Madde nedir? Bu soru sorulduğunda öğrencilerin "kütlesi, hacmi ve eylemsizliği olan her şeye denir" gibi bir tanımlamalarını bir fizik öğretmeni olarak kulağımın o derin köşelerinde duyabiliyorum. Kuantum fiziğinde çift yarık deneyinde ışığın dalga özelliği gösterirken gözlemciye göre birden nasıl parçacık özelliği gösterdiği anlatılır. Schrödinger'in kedisi bu muammaya işaret eder. Bir kutunun içerisine canlı bir kedi koyar kutuyu kapatırız, elimize bir tabanca alıp kutunun içerisine bir el ateş ederiz. Kedi öldü mü?, yaşıyor mu?. Bir çoğumuz mantıklı cevaplar peşine düşeriz, en mantıklımız "eğer kurşun isabet ettiyse" diye başlar. Ama kedinin ölüp ölmediğine dair bir sürü olasılıklar vardır. Mantıksal düzeyde cevabımız 1 veya 0 dan oluşur. Ya ölüdür ya da canlı. Ama kuantum dünyasına girdiğinizde görürsünüz ki o kedi hem ölüdür hem canlı.

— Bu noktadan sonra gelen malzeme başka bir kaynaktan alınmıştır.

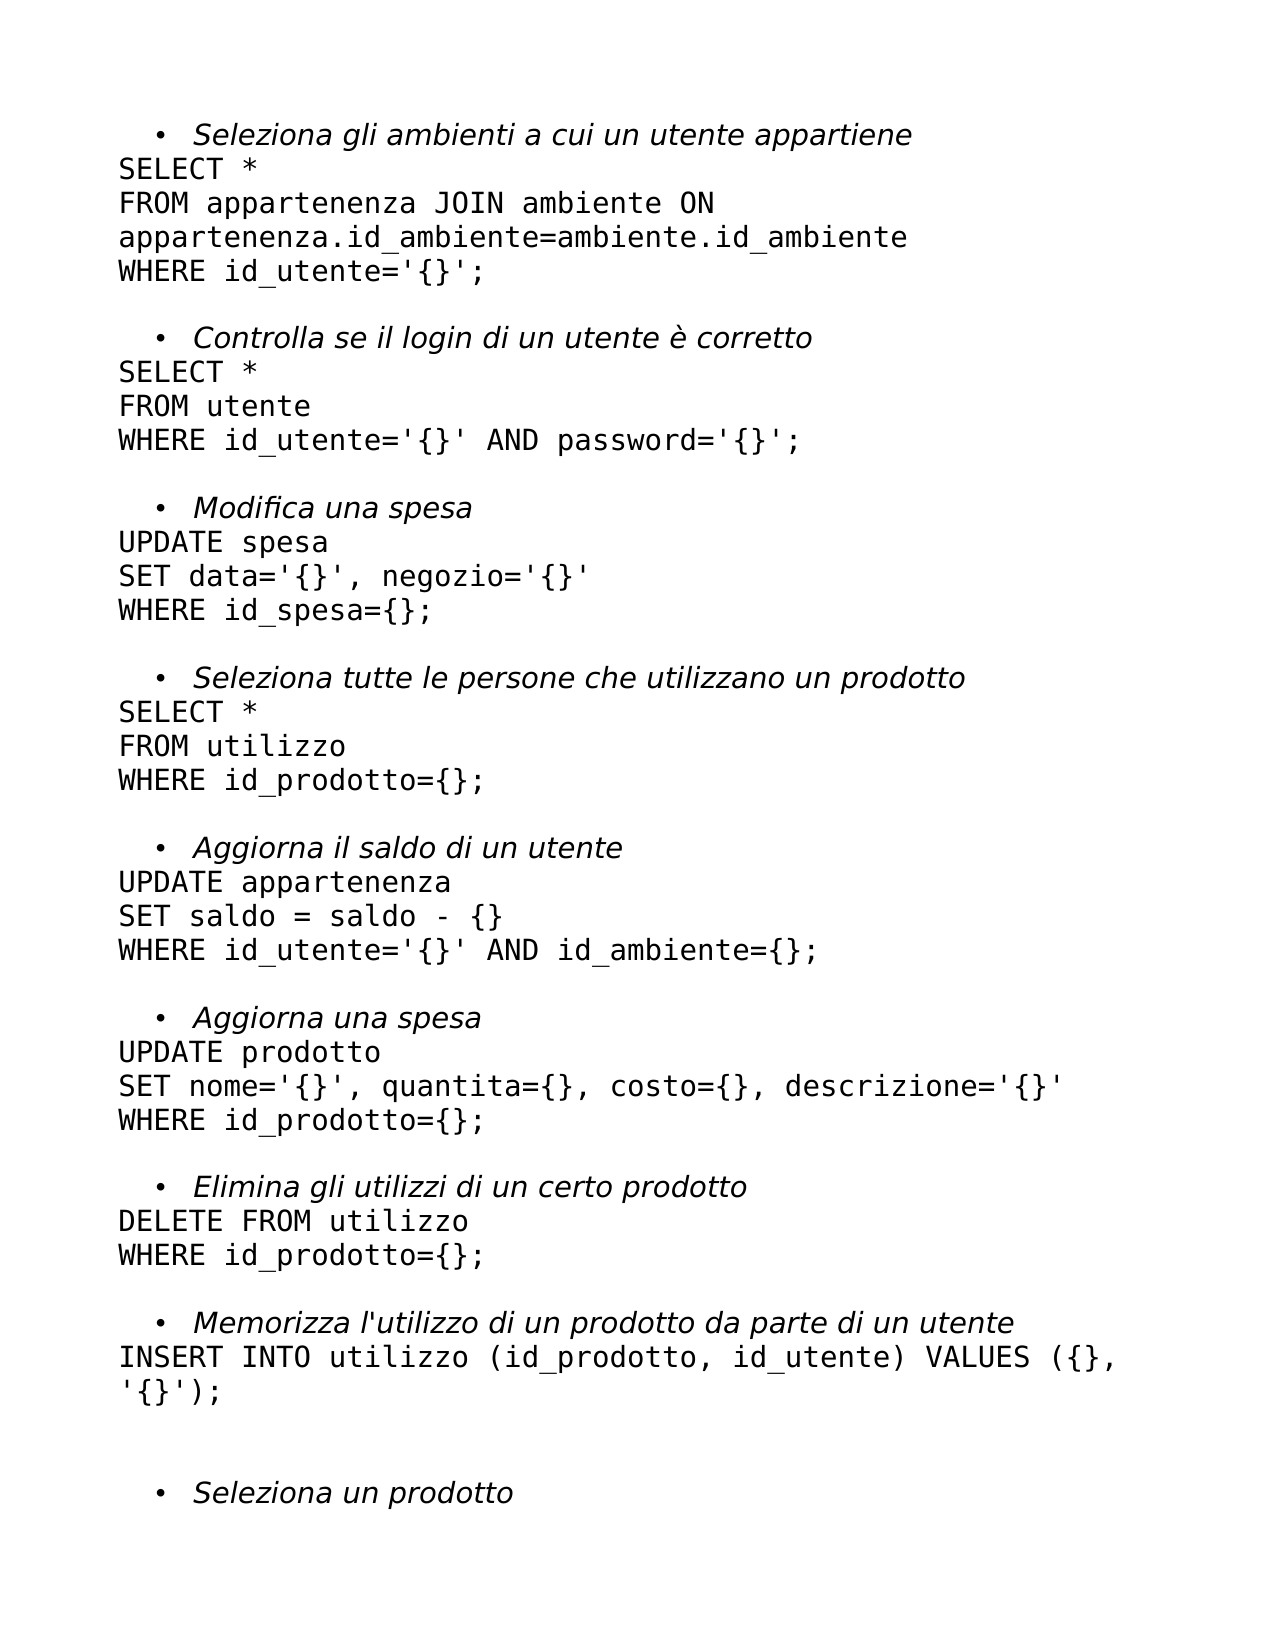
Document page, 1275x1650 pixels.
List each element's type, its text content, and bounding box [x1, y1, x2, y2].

"Ne biliyoruz ki" adlı bir belgesel var, bir japon bilim adamının yaptığı deneyi ve sonuçlarını şu şekilde açıklıyor. Bilim adamı düşüncelerin su molekülleri üzerindeki etkisini incelemek için aynı boyuttaki su şişelerinin içerisine aynı sulardan doldurur, tek farklılık şişelerin üzerine yazılan yazılardır. Birinci şişeye sevgi sözcükleri, ikinci şişenin üzerine bir dua, üçüncü şişenin üzerine nefret sözcükleri, ve buna benzer duygu ve düşünce bildiren diğer yazılarda diğer şişelerin üzerine yapıştırılmış ve bir hafta sonra bu şişelerdeki su moleküllerinin yapısı bir mikroskopla incelenmiş ve fotoğraflanmıştır. Güzel söz yazılı olan şişedeki su moleküllerinin çok güzel bir görüntüsü oluşmuşken nefret sözleri yazılı olan şişedeki su moleküllerinin korkunç bir görüntüsü oluşmuştur. Dua yazılı şişedeki su molekülü eşsiz bir güzellikte ve her şişedeki su molekülü farklı bir desende görülmektedir. Aslında her şişedeki su moleküllerinin aynı şekilde olmasını beklerken bu denli farklı olması su molekülleri üzerindeki düşüncenin nedenli etkili olduğunu göstermektedir. Ya insan. Yüzde doksanı su olan insan ! Kendinize kötü bir söz söyletmeyin, gün gelir (fiziksel) kişiliğiniz olur !

Bakışlarıyla camı kıran adamın hikayesini biliyoruz, hipnozla bir kor parçası olduğuna inandırılan buz parçasına dokunduğu için eli yanan insanı da biliyoruz ve buna benzer bir çok deneyim. Öyleyse madde nedir ?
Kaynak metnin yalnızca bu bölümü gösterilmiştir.